SOURCE MATERIAL Start Marker

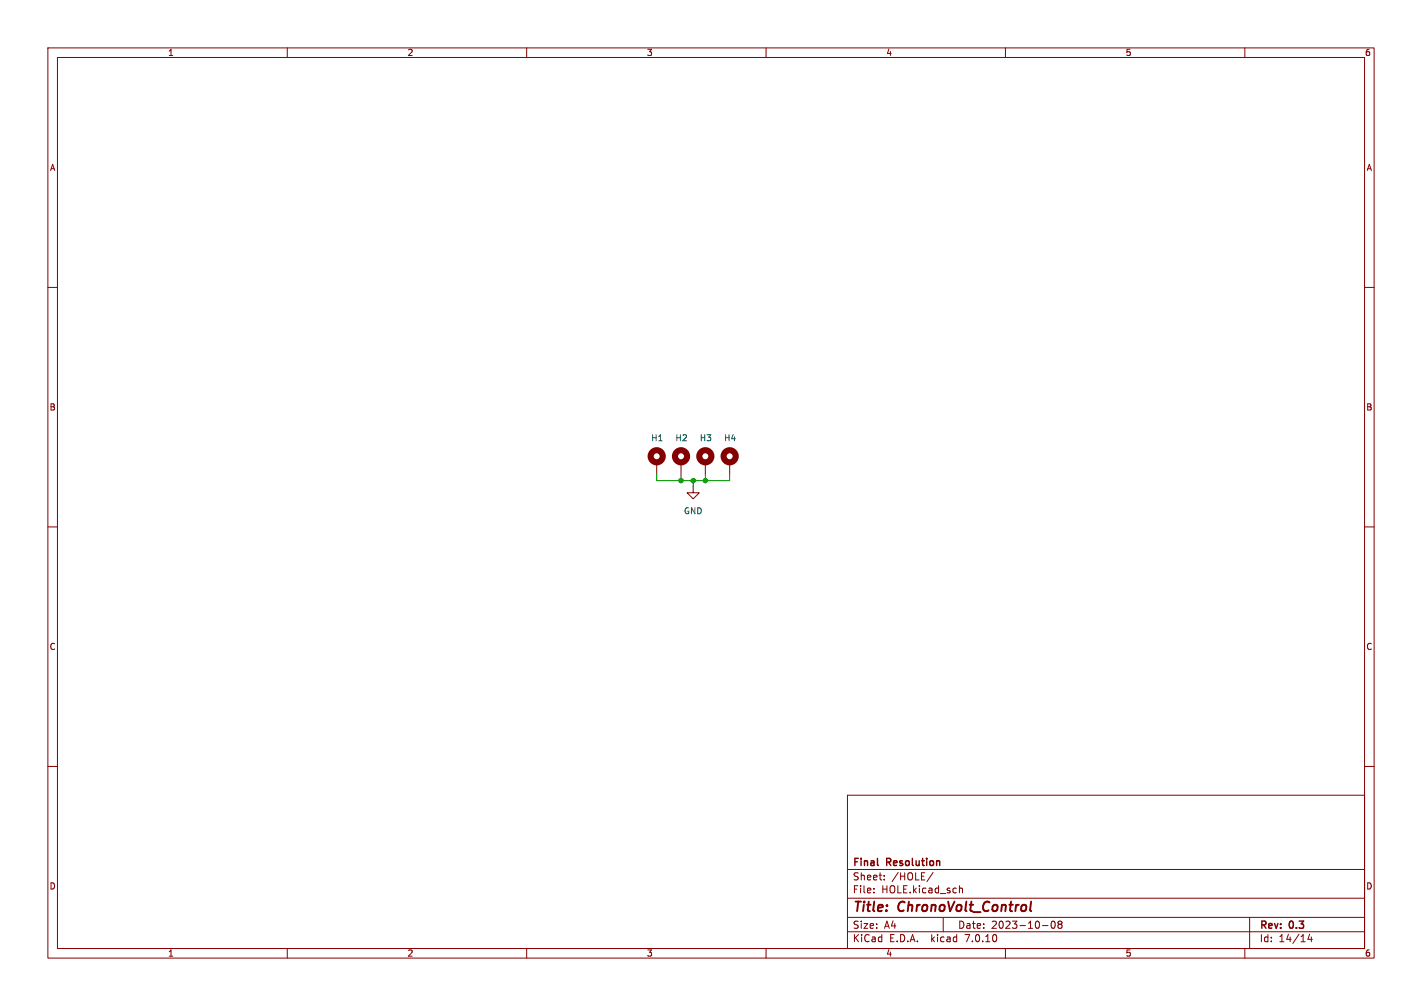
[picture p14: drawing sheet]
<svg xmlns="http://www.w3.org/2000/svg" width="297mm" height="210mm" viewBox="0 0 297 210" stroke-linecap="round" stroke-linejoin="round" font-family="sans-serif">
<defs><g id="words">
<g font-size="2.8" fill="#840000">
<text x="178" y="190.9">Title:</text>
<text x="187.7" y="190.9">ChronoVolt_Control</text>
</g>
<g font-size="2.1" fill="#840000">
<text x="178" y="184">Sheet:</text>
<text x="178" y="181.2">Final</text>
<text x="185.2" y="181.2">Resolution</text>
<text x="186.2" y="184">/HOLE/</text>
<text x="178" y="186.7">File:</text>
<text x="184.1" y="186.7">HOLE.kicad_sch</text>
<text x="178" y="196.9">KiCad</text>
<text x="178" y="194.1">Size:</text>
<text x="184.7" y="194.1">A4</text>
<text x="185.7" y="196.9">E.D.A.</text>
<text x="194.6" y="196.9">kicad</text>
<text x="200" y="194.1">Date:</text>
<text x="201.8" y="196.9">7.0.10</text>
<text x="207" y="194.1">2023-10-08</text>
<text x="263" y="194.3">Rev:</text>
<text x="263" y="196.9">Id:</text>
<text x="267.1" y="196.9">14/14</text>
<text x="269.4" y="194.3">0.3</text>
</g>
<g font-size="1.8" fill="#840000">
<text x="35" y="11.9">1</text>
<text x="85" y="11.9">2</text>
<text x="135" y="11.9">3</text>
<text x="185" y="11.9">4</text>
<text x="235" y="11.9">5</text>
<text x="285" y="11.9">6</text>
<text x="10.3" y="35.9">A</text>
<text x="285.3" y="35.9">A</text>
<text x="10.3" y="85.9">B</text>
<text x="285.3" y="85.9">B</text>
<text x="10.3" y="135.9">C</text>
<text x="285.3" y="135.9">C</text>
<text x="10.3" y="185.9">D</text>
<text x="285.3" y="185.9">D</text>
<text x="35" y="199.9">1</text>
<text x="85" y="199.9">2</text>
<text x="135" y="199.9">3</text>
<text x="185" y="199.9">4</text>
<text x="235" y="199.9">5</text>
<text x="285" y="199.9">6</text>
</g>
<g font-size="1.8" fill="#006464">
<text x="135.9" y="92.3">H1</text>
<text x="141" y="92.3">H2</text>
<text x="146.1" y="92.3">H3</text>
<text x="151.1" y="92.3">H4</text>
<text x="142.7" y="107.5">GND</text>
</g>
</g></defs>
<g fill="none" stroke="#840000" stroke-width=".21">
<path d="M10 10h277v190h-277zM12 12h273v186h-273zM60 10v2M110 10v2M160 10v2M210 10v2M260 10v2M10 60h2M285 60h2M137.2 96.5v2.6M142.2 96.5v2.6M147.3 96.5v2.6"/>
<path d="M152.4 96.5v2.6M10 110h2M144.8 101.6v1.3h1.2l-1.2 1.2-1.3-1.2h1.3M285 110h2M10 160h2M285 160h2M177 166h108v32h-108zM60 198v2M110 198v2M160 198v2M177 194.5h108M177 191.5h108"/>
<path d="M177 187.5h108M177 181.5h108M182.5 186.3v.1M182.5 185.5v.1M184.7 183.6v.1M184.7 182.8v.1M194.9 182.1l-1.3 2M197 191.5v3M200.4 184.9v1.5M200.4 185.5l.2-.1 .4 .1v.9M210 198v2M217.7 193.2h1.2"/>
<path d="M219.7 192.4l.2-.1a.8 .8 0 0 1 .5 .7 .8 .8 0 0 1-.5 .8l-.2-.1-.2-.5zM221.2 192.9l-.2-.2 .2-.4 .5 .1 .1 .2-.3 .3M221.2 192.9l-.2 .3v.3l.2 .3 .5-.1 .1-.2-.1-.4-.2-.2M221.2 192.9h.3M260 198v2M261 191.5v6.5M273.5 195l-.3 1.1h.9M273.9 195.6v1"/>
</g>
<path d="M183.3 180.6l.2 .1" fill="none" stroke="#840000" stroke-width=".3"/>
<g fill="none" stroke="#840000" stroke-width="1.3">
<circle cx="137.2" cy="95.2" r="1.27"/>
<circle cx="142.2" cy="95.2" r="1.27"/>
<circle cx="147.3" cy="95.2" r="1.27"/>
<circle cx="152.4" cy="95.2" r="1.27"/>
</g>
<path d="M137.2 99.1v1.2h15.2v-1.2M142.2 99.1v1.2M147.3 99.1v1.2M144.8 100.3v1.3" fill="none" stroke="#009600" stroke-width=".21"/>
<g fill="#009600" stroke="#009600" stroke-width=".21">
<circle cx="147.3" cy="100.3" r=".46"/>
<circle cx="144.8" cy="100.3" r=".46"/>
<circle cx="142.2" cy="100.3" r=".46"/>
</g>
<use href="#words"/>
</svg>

SOURCE MATERIAL End Marker

WHAT YOU SHOULD DO
If an entry holds an image, omit that image and print the remainder exactly as it stands.

ANSWER SPACE
[picture p14: drawing sheet]
<svg xmlns="http://www.w3.org/2000/svg" width="297mm" height="210mm" viewBox="0 0 297 210" stroke-linecap="round" stroke-linejoin="round" font-family="sans-serif">
<defs><g id="words">
<g font-size="2.8" fill="#840000">
<text x="178" y="190.9">Title:</text>
<text x="187.7" y="190.9">ChronoVolt_Control</text>
</g>
<g font-size="2.1" fill="#840000">
<text x="178" y="184">Sheet:</text>
<text x="178" y="181.2">Final</text>
<text x="185.2" y="181.2">Resolution</text>
<text x="186.2" y="184">/HOLE/</text>
<text x="178" y="186.7">File:</text>
<text x="184.1" y="186.7">HOLE.kicad_sch</text>
<text x="178" y="196.9">KiCad</text>
<text x="178" y="194.1">Size:</text>
<text x="184.7" y="194.1">A4</text>
<text x="185.7" y="196.9">E.D.A.</text>
<text x="194.6" y="196.9">kicad</text>
<text x="200" y="194.1">Date:</text>
<text x="201.8" y="196.9">7.0.10</text>
<text x="207" y="194.1">2023-10-08</text>
<text x="263" y="194.3">Rev:</text>
<text x="263" y="196.9">Id:</text>
<text x="267.1" y="196.9">14/14</text>
<text x="269.4" y="194.3">0.3</text>
</g>
<g font-size="1.8" fill="#840000">
<text x="35" y="11.9">1</text>
<text x="85" y="11.9">2</text>
<text x="135" y="11.9">3</text>
<text x="185" y="11.9">4</text>
<text x="235" y="11.9">5</text>
<text x="285" y="11.9">6</text>
<text x="10.3" y="35.9">A</text>
<text x="285.3" y="35.9">A</text>
<text x="10.3" y="85.9">B</text>
<text x="285.3" y="85.9">B</text>
<text x="10.3" y="135.9">C</text>
<text x="285.3" y="135.9">C</text>
<text x="10.3" y="185.9">D</text>
<text x="285.3" y="185.9">D</text>
<text x="35" y="199.9">1</text>
<text x="85" y="199.9">2</text>
<text x="135" y="199.9">3</text>
<text x="185" y="199.9">4</text>
<text x="235" y="199.9">5</text>
<text x="285" y="199.9">6</text>
</g>
<g font-size="1.8" fill="#006464">
<text x="135.9" y="92.3">H1</text>
<text x="141" y="92.3">H2</text>
<text x="146.1" y="92.3">H3</text>
<text x="151.1" y="92.3">H4</text>
<text x="142.7" y="107.5">GND</text>
</g>
</g></defs>
<g fill="none" stroke="#840000" stroke-width=".21">
<path d="M10 10h277v190h-277zM12 12h273v186h-273zM60 10v2M110 10v2M160 10v2M210 10v2M260 10v2M10 60h2M285 60h2M137.2 96.5v2.6M142.2 96.5v2.6M147.3 96.5v2.6"/>
<path d="M152.4 96.5v2.6M10 110h2M144.8 101.6v1.3h1.2l-1.2 1.2-1.3-1.2h1.3M285 110h2M10 160h2M285 160h2M177 166h108v32h-108zM60 198v2M110 198v2M160 198v2M177 194.5h108M177 191.5h108"/>
<path d="M177 187.5h108M177 181.5h108M182.5 186.3v.1M182.5 185.5v.1M184.7 183.6v.1M184.7 182.8v.1M194.9 182.1l-1.3 2M197 191.5v3M200.4 184.9v1.5M200.4 185.5l.2-.1 .4 .1v.9M210 198v2M217.7 193.2h1.2"/>
<path d="M219.7 192.4l.2-.1a.8 .8 0 0 1 .5 .7 .8 .8 0 0 1-.5 .8l-.2-.1-.2-.5zM221.2 192.9l-.2-.2 .2-.4 .5 .1 .1 .2-.3 .3M221.2 192.9l-.2 .3v.3l.2 .3 .5-.1 .1-.2-.1-.4-.2-.2M221.2 192.9h.3M260 198v2M261 191.5v6.5M273.5 195l-.3 1.1h.9M273.9 195.6v1"/>
</g>
<path d="M183.3 180.6l.2 .1" fill="none" stroke="#840000" stroke-width=".3"/>
<g fill="none" stroke="#840000" stroke-width="1.3">
<circle cx="137.2" cy="95.2" r="1.27"/>
<circle cx="142.2" cy="95.2" r="1.27"/>
<circle cx="147.3" cy="95.2" r="1.27"/>
<circle cx="152.4" cy="95.2" r="1.27"/>
</g>
<path d="M137.2 99.1v1.2h15.2v-1.2M142.2 99.1v1.2M147.3 99.1v1.2M144.8 100.3v1.3" fill="none" stroke="#009600" stroke-width=".21"/>
<g fill="#009600" stroke="#009600" stroke-width=".21">
<circle cx="147.3" cy="100.3" r=".46"/>
<circle cx="144.8" cy="100.3" r=".46"/>
<circle cx="142.2" cy="100.3" r=".46"/>
</g>
<use href="#words"/>
</svg>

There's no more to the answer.